The Case for Free Trade in Silver
Henry George
[Reprinted from The Standard, Vol.6, 21
December, 1889.
A response by Henry George to a letter to the paper from William C.
Davis]
Henry George - Dear Sir: I am a "singletaxer"
and have been doing what I could to advance the cause here.
To-day in Colorado, and in other silver producing communities,
there is great interest manifested in the "silver question,"

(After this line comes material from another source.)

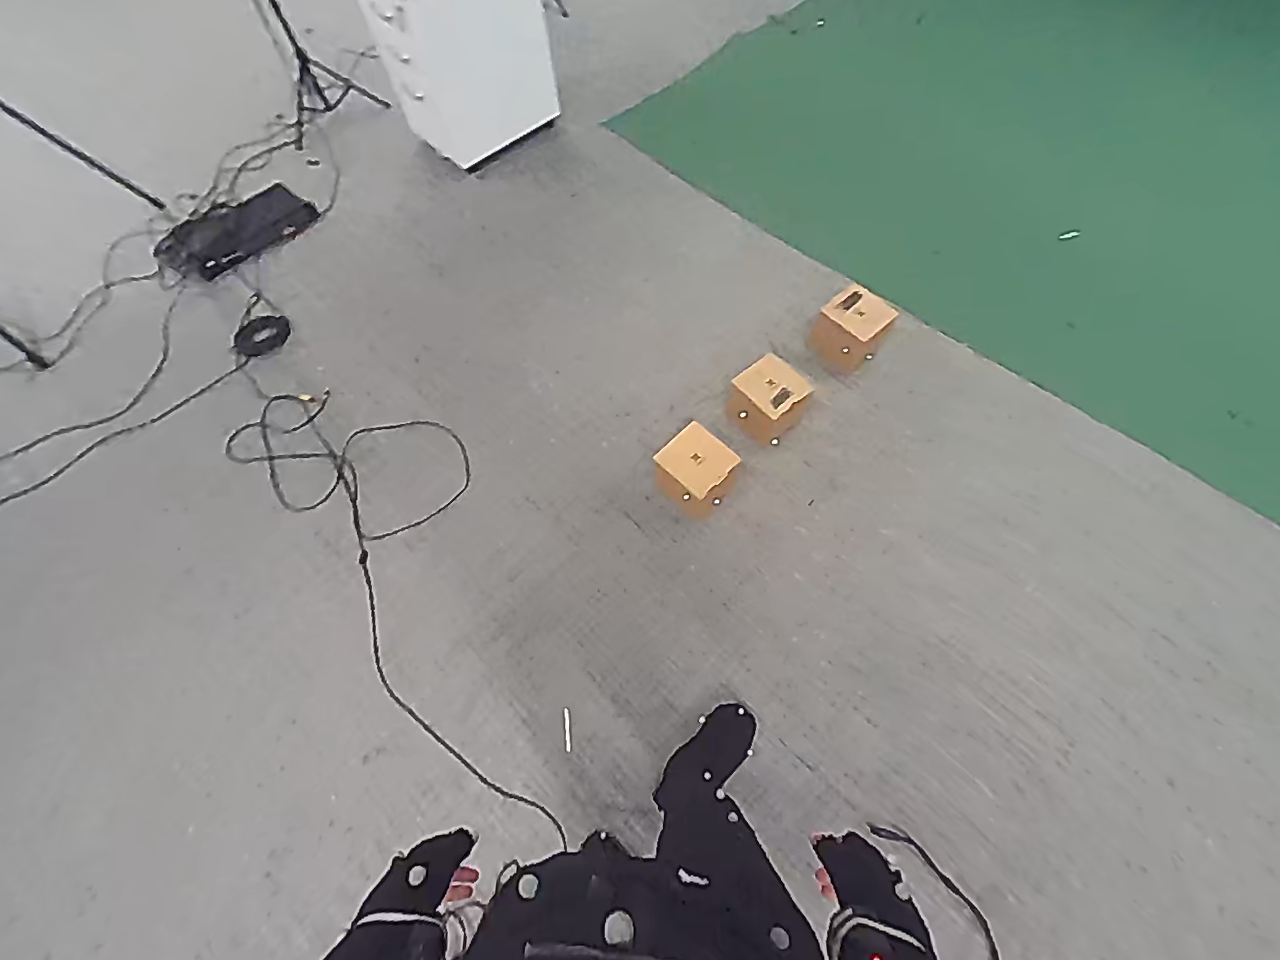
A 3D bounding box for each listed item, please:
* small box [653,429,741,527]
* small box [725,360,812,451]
[{"bbox_3d":[0.152,0.000,1.488,0.179,0.176,0.168,41,72,20],"label":"small box"},{"bbox_3d":[0.369,-0.208,1.583,0.168,0.176,0.179,-37,66,-16],"label":"small box"}]

and of course the "hobbies" are free coinage and the
coinage of at least four millions of dollars per month - neither
of which, in my opinion, will permanently benefit the silver
producing sections. The question I would like to see taken up
and discussed is, What effect would free trade with foreign
countries have on the silver market in the United States? This
question should be introduced in all single tax and free trade
clubs, and the discussion should be forced into congress, and
into the newspapers and periodicals, so that the public can be
set to thinking on this vital question on a higher plane than
that of sectionalism.
This question, properly agitated, I think will do a great deal
toward making the silver producing sections democratic, and that
means, eventually, "free trade." Knowing the great
interest you have in the advancement of the masses, and that
absolute free trade will have a tendency to better the condition
of the producing masses, I have taken the liberty of addressing
you personally on this subject so important to my state. I am a
regular subscriber to THE STANDARD (although not directly from
the office), and after reading I circulate it at much as I can.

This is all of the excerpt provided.